::: INFORMATION

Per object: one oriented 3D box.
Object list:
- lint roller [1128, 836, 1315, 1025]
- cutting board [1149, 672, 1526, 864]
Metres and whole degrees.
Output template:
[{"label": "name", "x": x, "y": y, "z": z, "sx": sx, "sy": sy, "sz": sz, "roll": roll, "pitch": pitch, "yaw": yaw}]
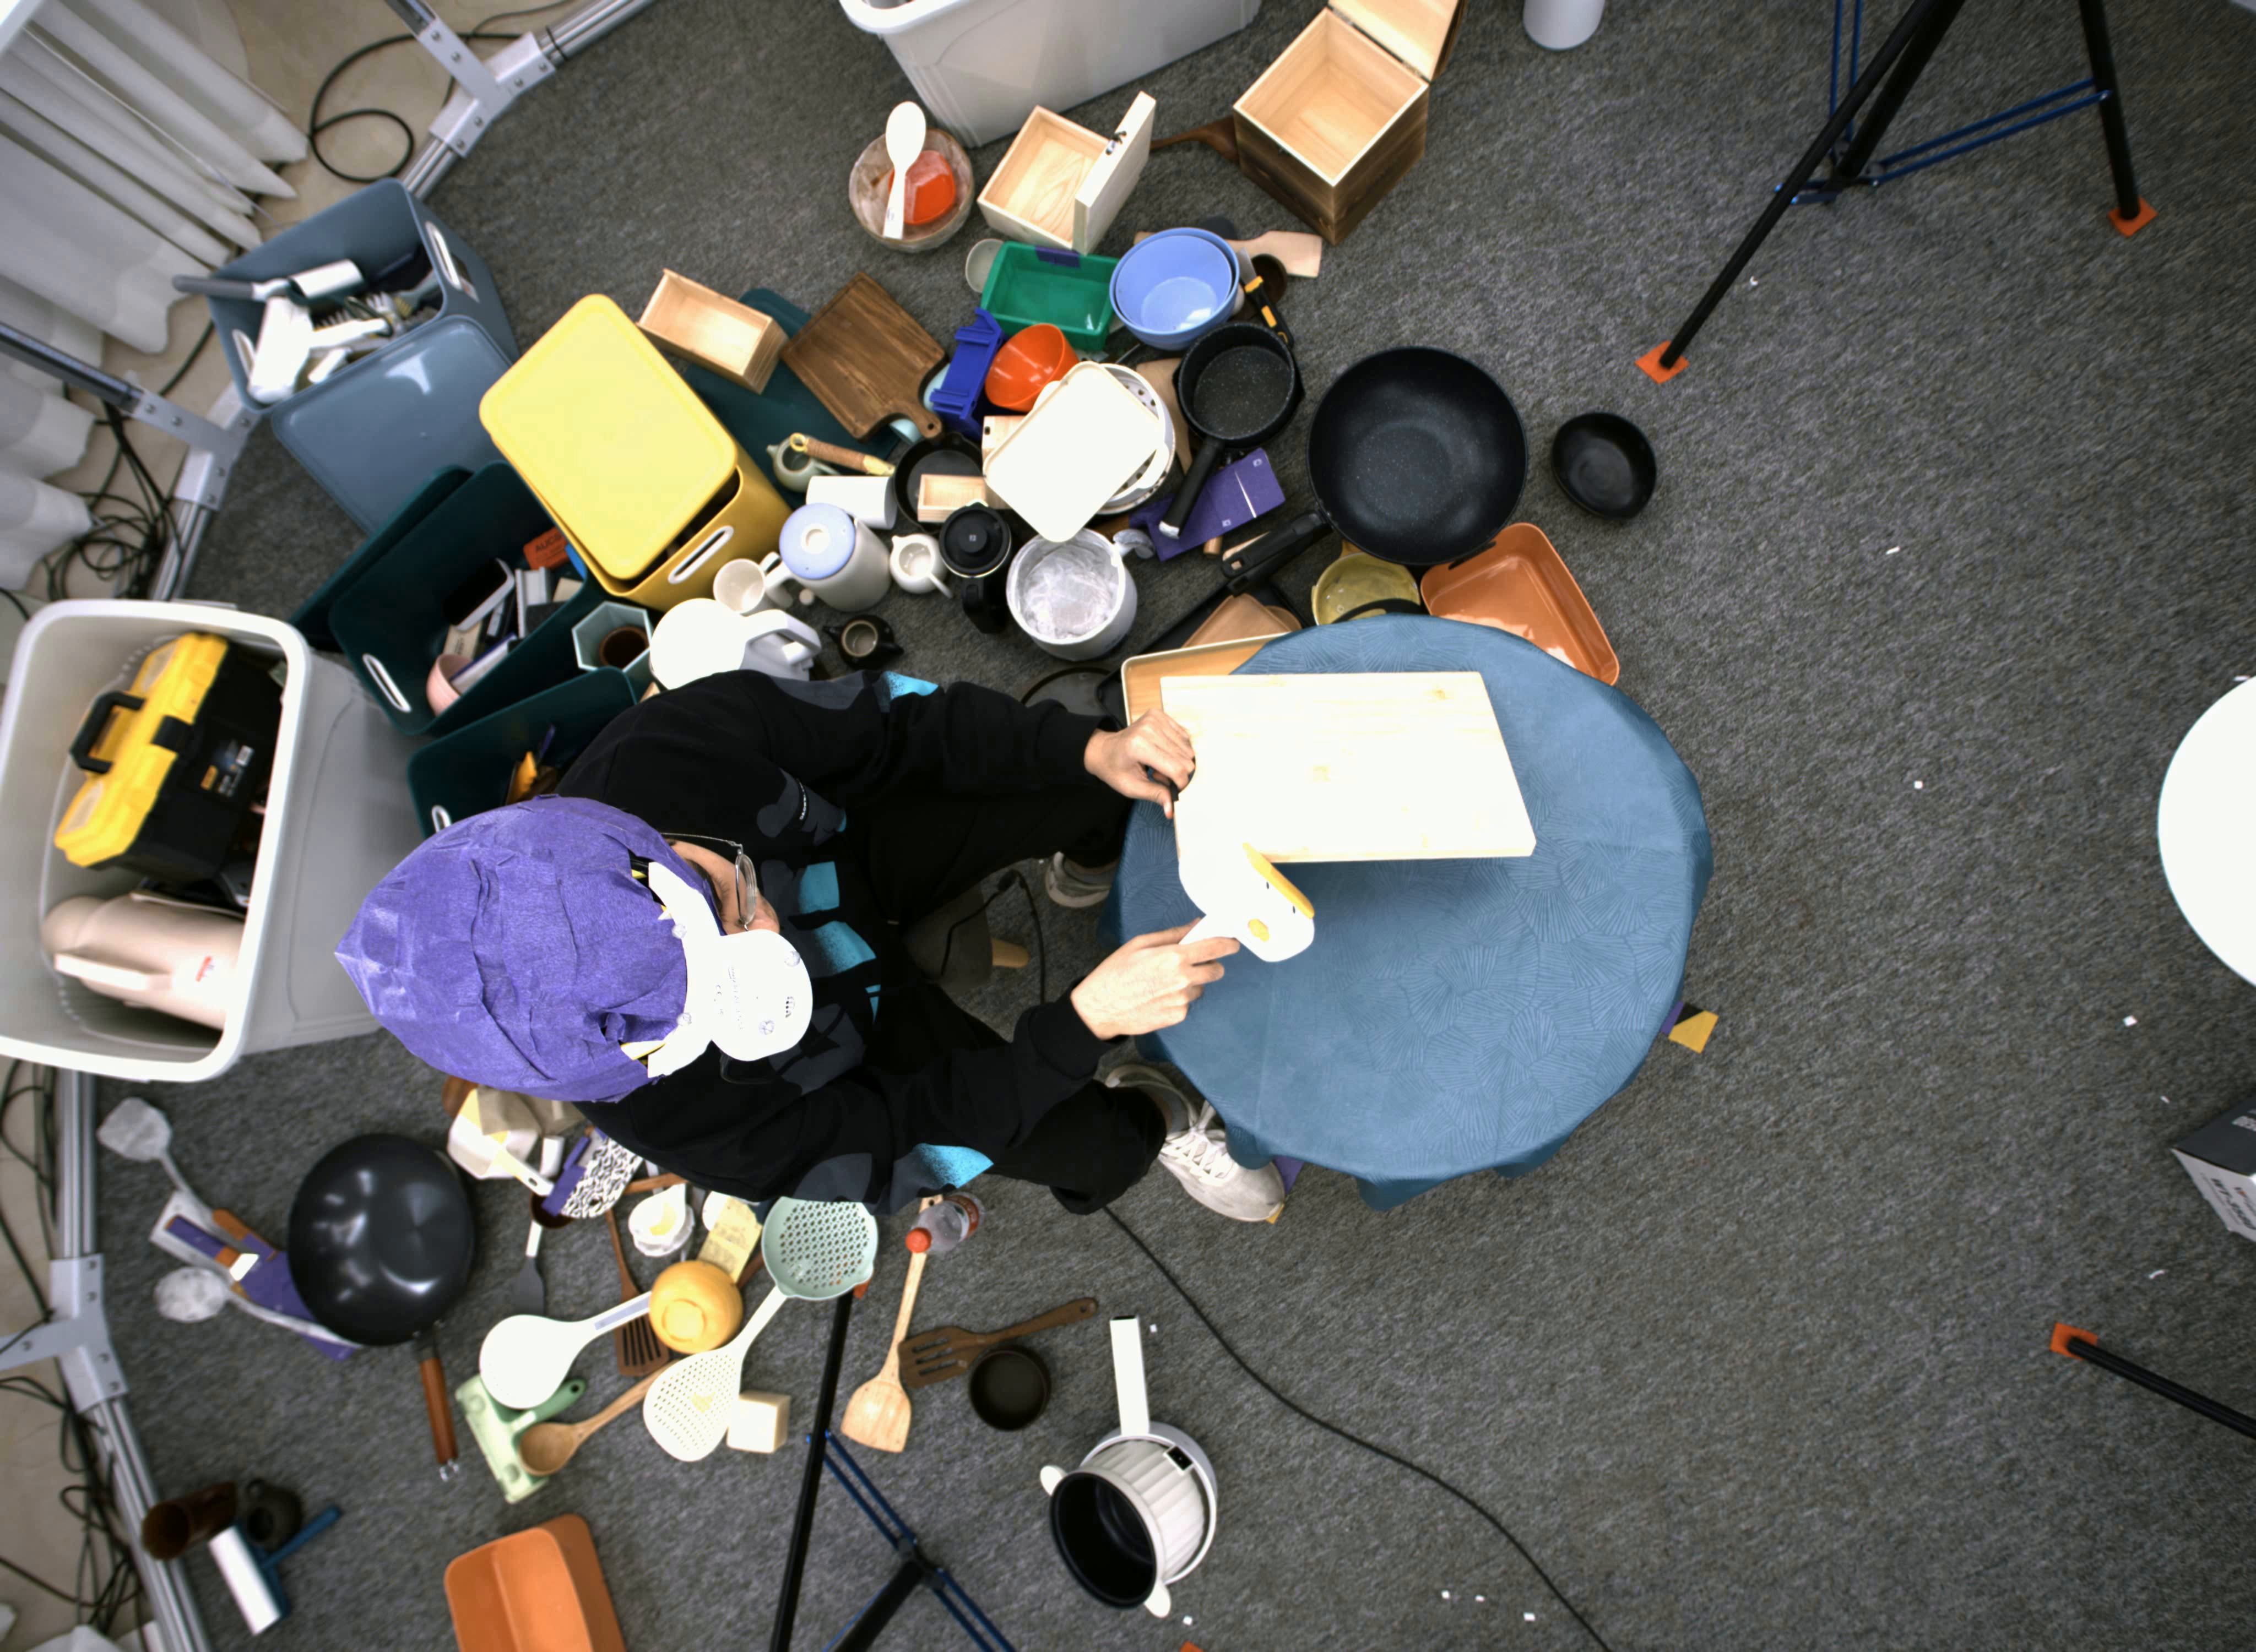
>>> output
[{"label": "lint roller", "x": 0.070, "y": 0.109, "z": 1.303, "sx": 0.195, "sy": 0.194, "sz": 0.073, "roll": -39, "pitch": 54, "yaw": 16}, {"label": "cutting board", "x": 0.202, "y": -0.063, "z": 1.363, "sx": 0.349, "sy": 0.024, "sz": 0.244, "roll": -2, "pitch": 51, "yaw": -4}]

::::::

== TASK ITEM ==
Give again, word for word, each line from the one holding "- cutting board [1149, 672, 1526, 864]" through the end of the entries, and leave out any picture.

== ANSWER BOX ==
- cutting board [1149, 672, 1526, 864]
Metres and whole degrees.
Output template:
[{"label": "name", "x": x, "y": y, "z": z, "sx": sx, "sy": sy, "sz": sz, "roll": roll, "pitch": pitch, "yaw": yaw}]
>>> output
[{"label": "lint roller", "x": 0.070, "y": 0.109, "z": 1.303, "sx": 0.195, "sy": 0.194, "sz": 0.073, "roll": -39, "pitch": 54, "yaw": 16}, {"label": "cutting board", "x": 0.202, "y": -0.063, "z": 1.363, "sx": 0.349, "sy": 0.024, "sz": 0.244, "roll": -2, "pitch": 51, "yaw": -4}]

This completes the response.